Keep only the true changes in a massive table

Question

Keep only the true changes in a massive table

SQL_Surfer

SSCrazy Eights

Points: 8320
More actions
July 19, 2018 at 8:39 am

#373667

I've a history that got populated through a trigger when some change happened. Trigger had an issue and it was storing records in the history table whether there was an actual upate or not. Trigger is fixed now. Challange is how to clean up this massive table. We need to identify the records that got changed and remove others. Any better way to do this? Since this is a massive table, query is taking exteremly longer to return results.
I'm coming up with query like this
SELECT * FROM tbl_history a
INNER JOIN tbl_history b ON a.ID = b.ID
WHERE a.col1 <> b.col1
      OR a.col2 <> b.col2
      OR a.col3 <> b.col3
      OR a.col3 <> b.col3
      OR a.col4 <> b.col4
      OR a.col5 <> b.col5
      OR a.col6<> b.col6
      OR a.col7 <> b.col7
      OR a.col8 <> b.col8
      OR a.col9 <> b.col9
      OR a.col10 <> b.col10
      OR a.col11 <> b.col11

Viewing 4 posts - 1 through 4 (of 4 total)

You must be logged in to reply to this topic. Login to reply

Phil Parkin SSC Guru Points: 247227 More actions · Answer 1

SQL_Surfer - Thursday, July 19, 2018 8:39 AM
I've a history that got populated through a trigger when some change happened. Trigger had an issue and it was storing records in the history table whether there was an actual upate or not. Trigger is fixed now. Challange is how to clean up this massive table. We need to identify the records that got changed and remove others. Any better way to do this? Since this is a massive table, query is taking exteremly longer to return results.
I'm coming up with query like this
SELECT * FROM tbl_history a
INNER JOIN tbl_history b ON a.ID = b.ID
WHERE a.col1 <> b.col1
      OR a.col2 <> b.col2
      OR a.col3 <> b.col3
      OR a.col3 <> b.col3
      OR a.col4 <> b.col4
      OR a.col5 <> b.col5
      OR a.col6<> b.col6
      OR a.col7 <> b.col7
      OR a.col8 <> b.col8
      OR a.col9 <> b.col9
      OR a.col10 <> b.col10
      OR a.col11 <> b.col11

This query will not correctly handle the case where one of the columns being checked is a NULL. A method which does is as follows:
SELECT ... FROM ... WHERE EXISTS (SELECT a.col1, a.col2, ..., a.col11 EXCEPT SELECT b.col1, b.col2, ..., b.col11)
But it's not going to run fast.

SQL_Surfer SSCrazy Eights Points: 8320 More actions · Answer 2

Thanks, any idea to speed it up? May be do it in a batch?

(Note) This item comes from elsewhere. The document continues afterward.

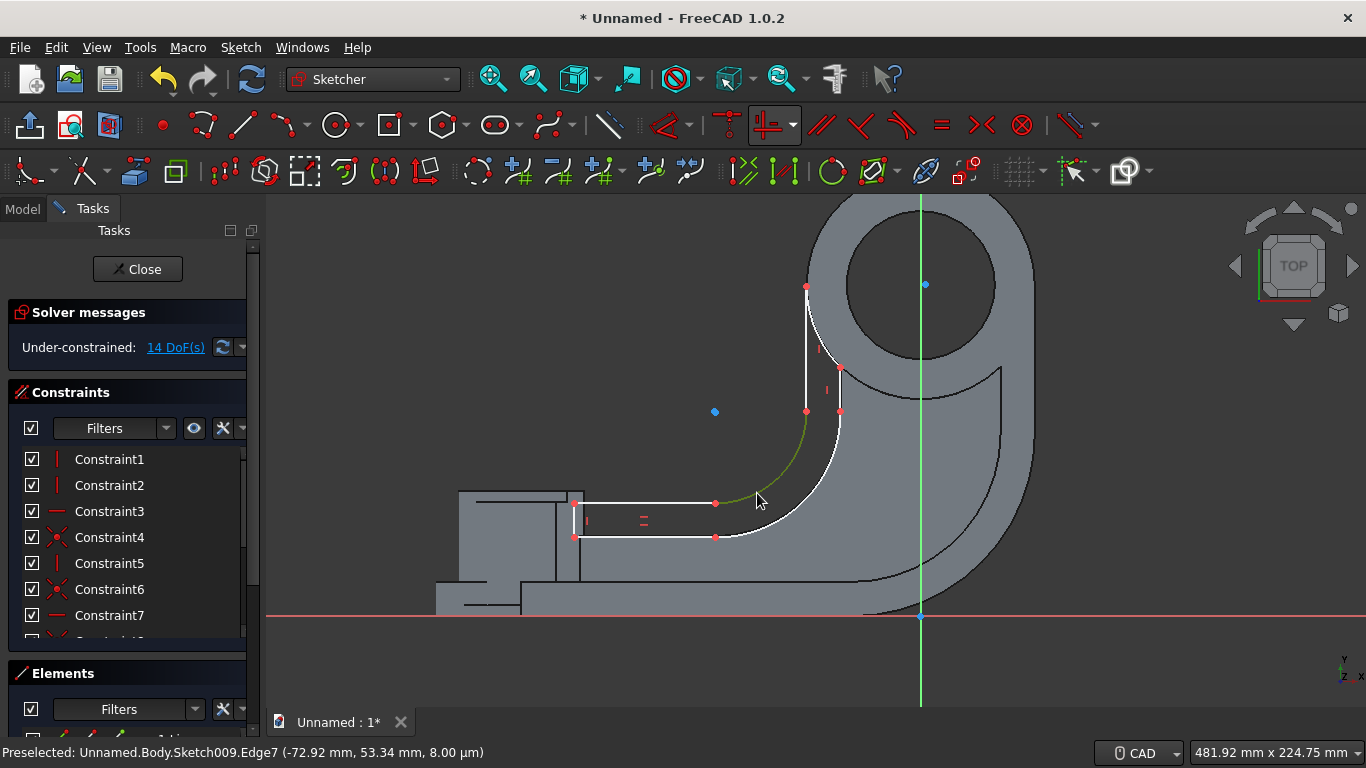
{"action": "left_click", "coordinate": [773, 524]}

ScottPletcher SSC Guru Points: 101238 More actions · Answer 3

Wouldn't you want to do that the other way? That is, find rows where the previous row matches the next row -- i.e. no column changed -- so you could delete the older of those rows? Thus something like this (?):

WHERE a.col1 = b.col1 AND a.col2 = b.col2 AND a.col3 <> b.col3 ...

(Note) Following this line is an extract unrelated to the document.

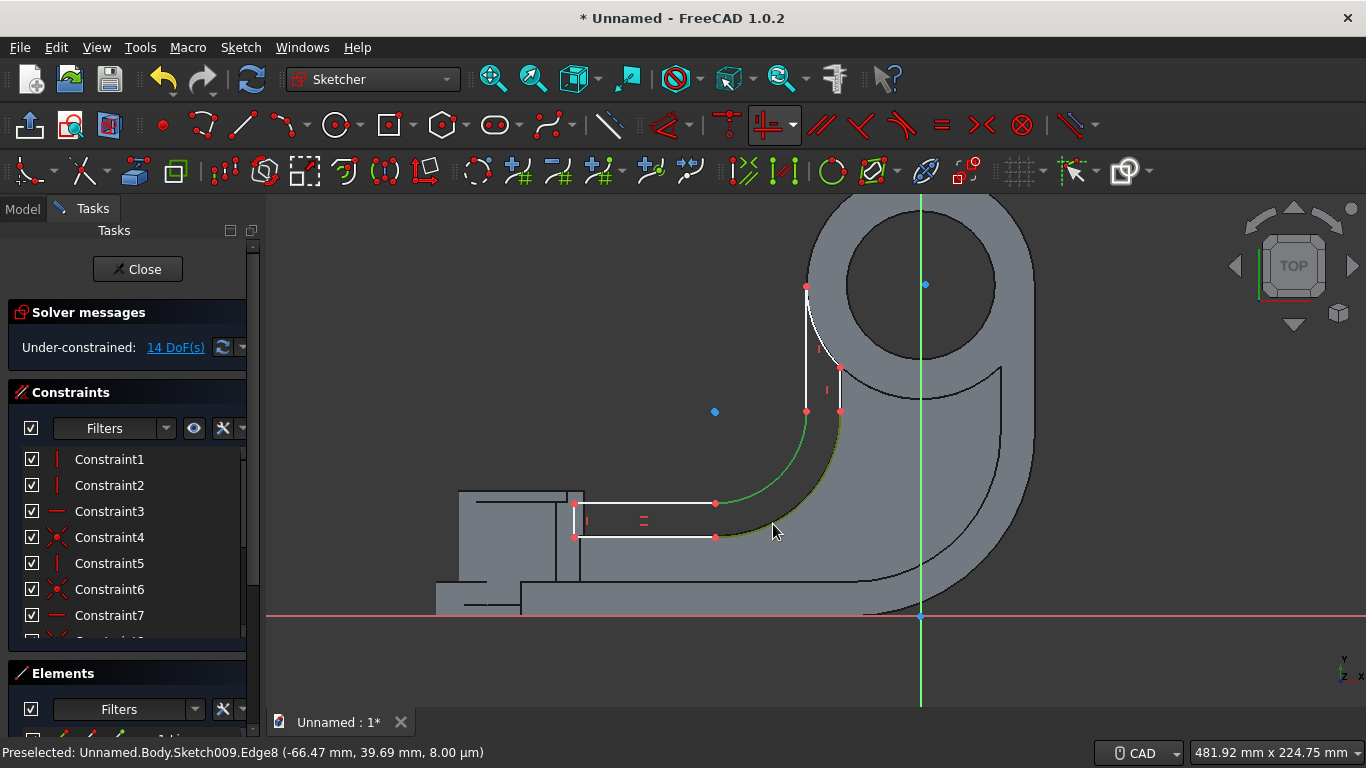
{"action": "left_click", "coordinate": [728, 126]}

As to NULL issues, check the column constraints first: if the column is defined as NOT NULL, obviously you don't have to worry about NULLs for that particular column.

You didn't state it, but presumably ID is the clustering key on this table (not really the best idea of an audit table, but extremely common). If so, you'd update by going in batches thru the table and deleting rows that were dups of the prior row.

As to efficiency, perhaps a PARTITION BY col1, col2, col3, .... would work best, and would automatically take care of the NULL issue. Perhaps with some type of "gaps and islands" logic to determine which rows to delete. I/we would need more details about the table and its data to be sure on that one.

SQL DBA,SQL Server MVP(07, 08, 09) "It's a dog-eat-dog world, and I'm wearing Milk-Bone underwear." "Norm", on "Cheers". Also from "Cheers", from "Carla": "You need to know 3 things about Tortelli men: Tortelli men draw women like flies; Tortelli men treat women like flies; Tortelli men's brains are in their flies".